Sao-Ali · 2026-02-26T00:50:29Z

Problem: Parquet reads were all-or-nothing. Users could not subset columns at read-time, control timestamp-to-day conversion, or subset rows while loading. This issue also required preserving current behavior for existing callers.

Solution:

introduce ParquetReadOptions (selectedColumns, timestampPolicy, rowRange) plus defaultParquetReadOptions.
Add readParquetWithOpts/readParquetFilesWithOpts and keep readParquet/readParquetFiles as default-option wrappers.
Wire selectedColumns into decode-time filtering with fail-fast ColumnNotFoundException for missing requested columns.
Wire timestampPolicy with PreserveTimestampPrecision and CoerceTimestampToDay behaviors, including fallback coercion for already-decoded UTCTime columns.
Wire rowRange through the reader and apply global rowRange semantics for readParquetFilesWithOpts after concatenation.

Tradeoffs and rationale:

chose an options record instead of multiple specialized APIs to keep extension points coherent and avoid API sprawl.
Kept legacy conversion wrappers/helpers (applyLogicalType and UTC helpers) to reduce compatibility risk for existing/internal call paths.
read-time projection improves performance by skipping unselected chunk decode; rowRange currently uses post-read slicing semantics (start inclusive, end exclusive) for correctness and consistency with existing range behavior.

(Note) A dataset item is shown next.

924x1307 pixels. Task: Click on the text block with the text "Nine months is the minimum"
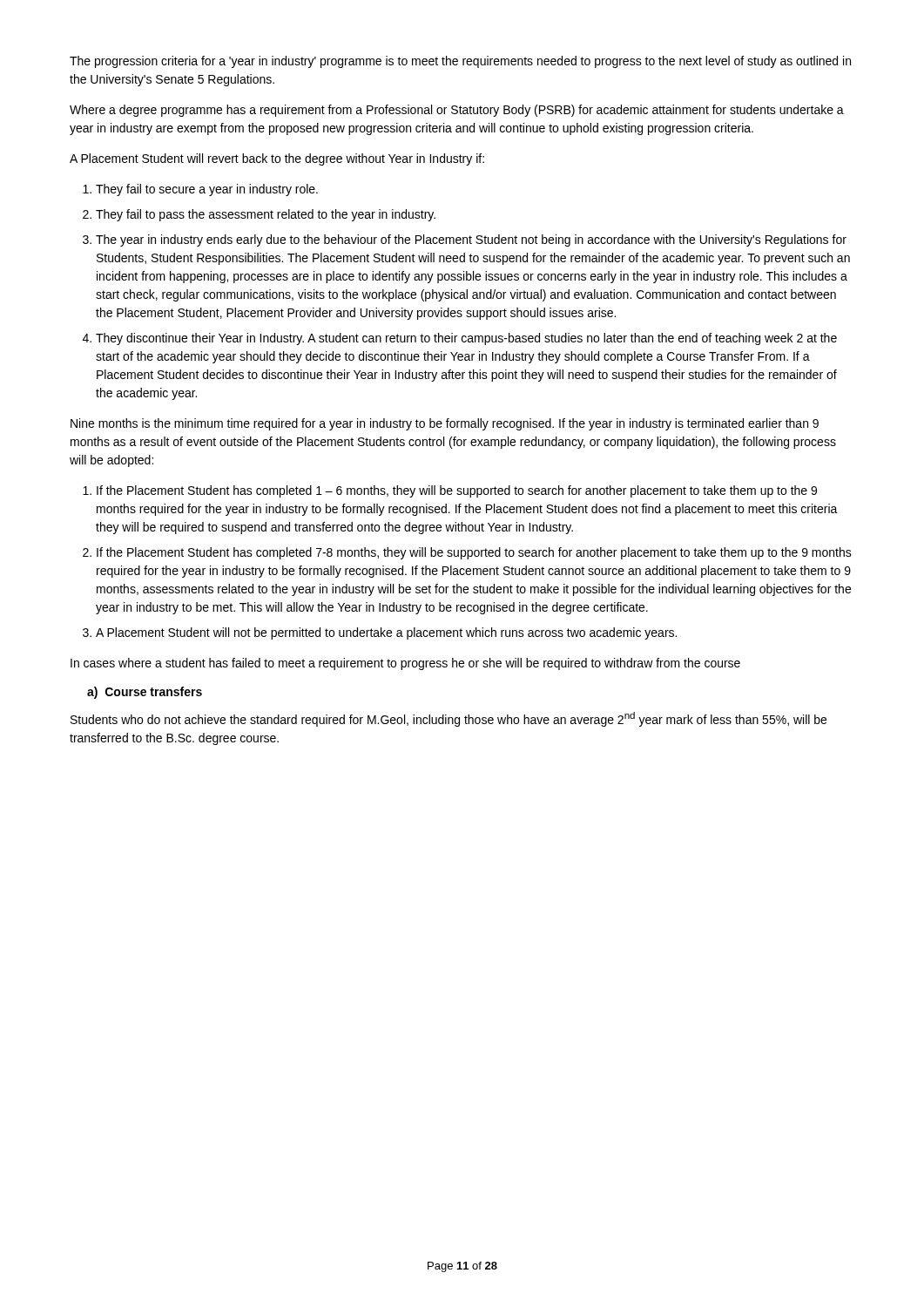(x=453, y=442)

Verification: add focused Parquet tests for selectedColumns, rowRange, timestampPolicy coercion, and missing selected column errors; run full suite successfully via cabal test (all passing).

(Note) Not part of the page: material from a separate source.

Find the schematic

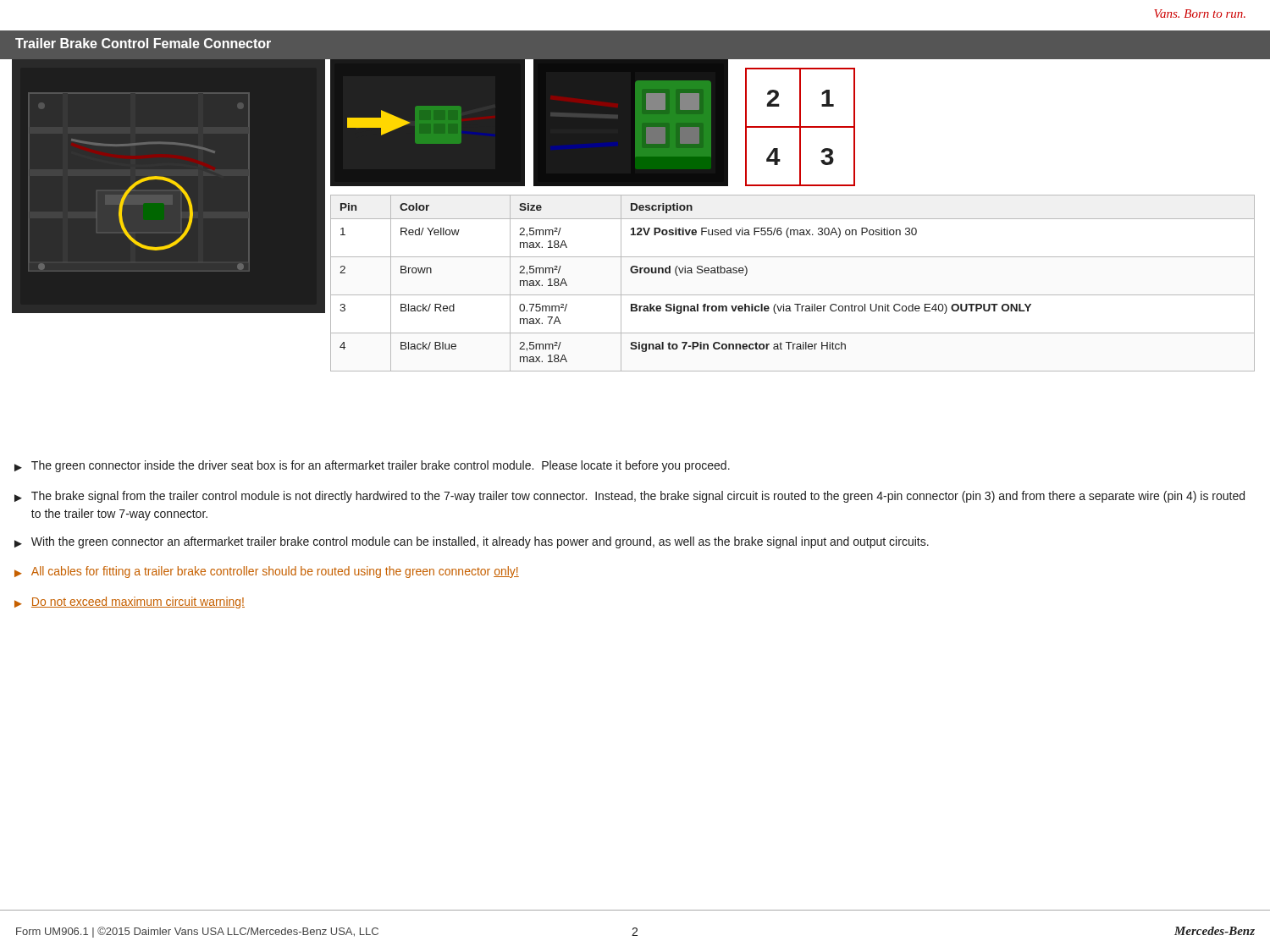800,123

…nd row range Problem: Parquet reads were all-or-nothing. Users could not subset columns at read-time, control timestamp-to-day conversion, or subset rows while loading. This issue also required preserving current behavior for existing callers. Solution: introduce ParquetReadOptions (selectedColumns, timestampPolicy, rowRange) plus defaultParquetReadOptions. Add readParquetWithOpts/readParquetFilesWithOpts and keep readParquet/readParquetFiles as default-option wrappers. Wire selectedColumns into decode-time filtering with fail-fast ColumnNotFoundException for missing requested columns. Wire timestampPolicy with PreserveTimestampPrecision and CoerceTimestampToDay behaviors, including fallback coercion for already-decoded UTCTime columns. Wire rowRange through the reader and apply global rowRange semantics for readParquetFilesWithOpts after concatenation. Tradeoffs and rationale: chose an options record instead of multiple specialized APIs to keep extension points coherent and avoid API sprawl. Kept legacy conversion wrappers/helpers (applyLogicalType and UTC helpers) to reduce compatibility risk for existing/internal call paths. read-time projection improves performance by skipping unselected chunk decode; rowRange currently uses post-read slicing semantics (start inclusive, end exclusive) for correctness and consistency with existing range behavior. Verification: add focused Parquet tests for selectedColumns, rowRange, timestampPolicy coercion, and missing selected column errors; run full suite successfully via cabal test (all passing).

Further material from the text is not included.